News / Vancouver

Vancouver seeks fix to boaters dumping sewage in False Creek

If approved, the city would revamp bylaws and set up a pilot project providing boaters with a mobile pump-out service in False Creek.

A water taxi passes by a marina and downtown condos while traveling on False Creek in Vancouver, B.C., on Wednesday February 11, 2015.

THE CANADIAN PRESS/Darryl Dyck

A water taxi passes by a marina and downtown condos while traveling on False Creek in Vancouver, B.C., on Wednesday February 11, 2015.

If False Creek boaters won’t go to the pumping station to get rid of their sewage, the City of Vancouver wants to bring the pumping station to them.
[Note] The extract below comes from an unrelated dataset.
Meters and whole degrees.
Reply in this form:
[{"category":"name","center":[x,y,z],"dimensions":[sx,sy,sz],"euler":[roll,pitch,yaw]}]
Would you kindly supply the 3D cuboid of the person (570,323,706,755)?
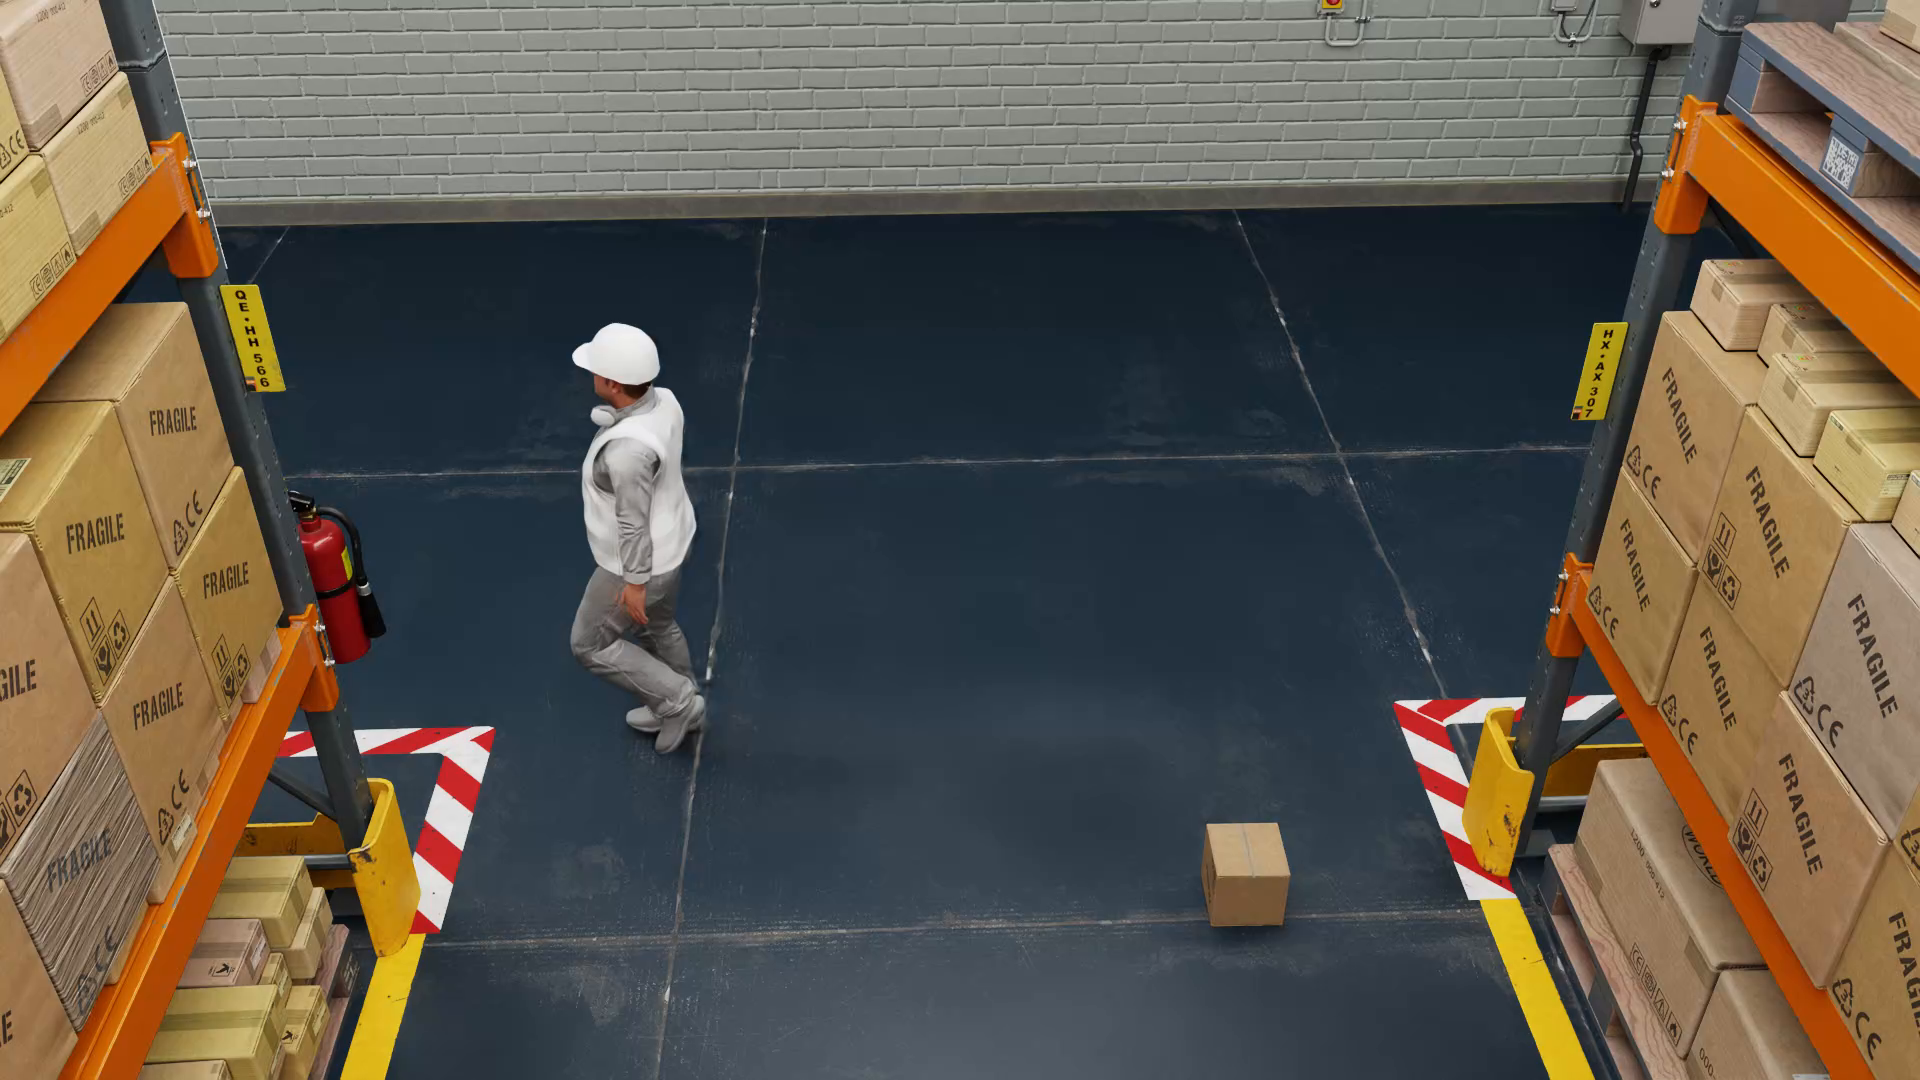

City staff are presenting to council on Tuesday a proposal for a pilot project that would see a mobile pump-out service make the rounds at local marinas and moored vessels to make sure they’re not dumping their waste into open waters.

The proposal, along with new bylaw amendments and enforcement measures, comes after years of concern about the amount of E. coli in the water at False Creek and its neighbouring beaches, especially in the heat of summer.

“It’s basically a boat with a very large tank in it that would travel around the marinas and the moored boats and would pump directly into that storage tank,” said Jennifer Mayberry, the city’s manager of environmental services. “Boats then don’t need to dock at a pumping station or need to go through that. The pump-out comes to them.”

Mayberry said there currently isn’t a mobile pump-out service in Vancouver.

One company tried several years ago but “not with much success,” she said, while municipalities in Washington State fund their own mobile services.

“It’s something that seems quite common south of the border,” said Mayberry.

If approved, the mobile service and an audit to determine which boats are dumping raw sewage in the creek would cost approximately $75,000.

The mobile pump-out service would run until September.

The city has worried about E. coli contamination in local waters for years, but only last year were able to narrow down boaters as the main source of the problem.

“Was it boats? Was it cross-connections from sewers? Urban run-offs from farming? Dog waste?” asked Mayberry.

The city’s engineering department undertook a mayor revamp of sewer cross connections in 2015 and Mayberry said sewer overflows don’t typically occur in the summer.

A University of British Columbia researcher, along with the results of a city audit of local marinas and boats, confirmed the vessels are largely to blame.

The city report also notes that – because of Vancouver’s unaffordability crisis – more people that even are living on boats.

“All signs seem to point at boats, whether they’re at open moorage or at marinas,” said Mayberry. “Obviously the intent of this report is to improve sewer management options and the culture around that, as well as our enforcement of the new proposed bylaws.”

Currently, existing marinas are not required to have pump-out stations on site while new ones do.

The city wants to change its bylaws to make those services a condition of business license renewals going forward.

Boaters find the services currently available inadequate and not worth the hassle, said Mayberry.

“We did a boater survey in March and the feedback that we got is that the existing facilities are inadequate, whether it’s the number of them available or accessibility,” said Mayberry. “It seems that people for the most part are aware they’re not supposed to be discharging, it’s just a matter of it not being easy to do and it’s known there is no enforcement of existing regulations.”

Swimming in False Creek is not permitted but it is used extensively for recreation like paddling.

When E. coli levels get too high (200 E. coli/100ml for primary recreational uses like swimming and 1,000 for secondary uses) as stipulated by Health Canada, the city must implement swimming closures and advise users to take extra precautions on the water.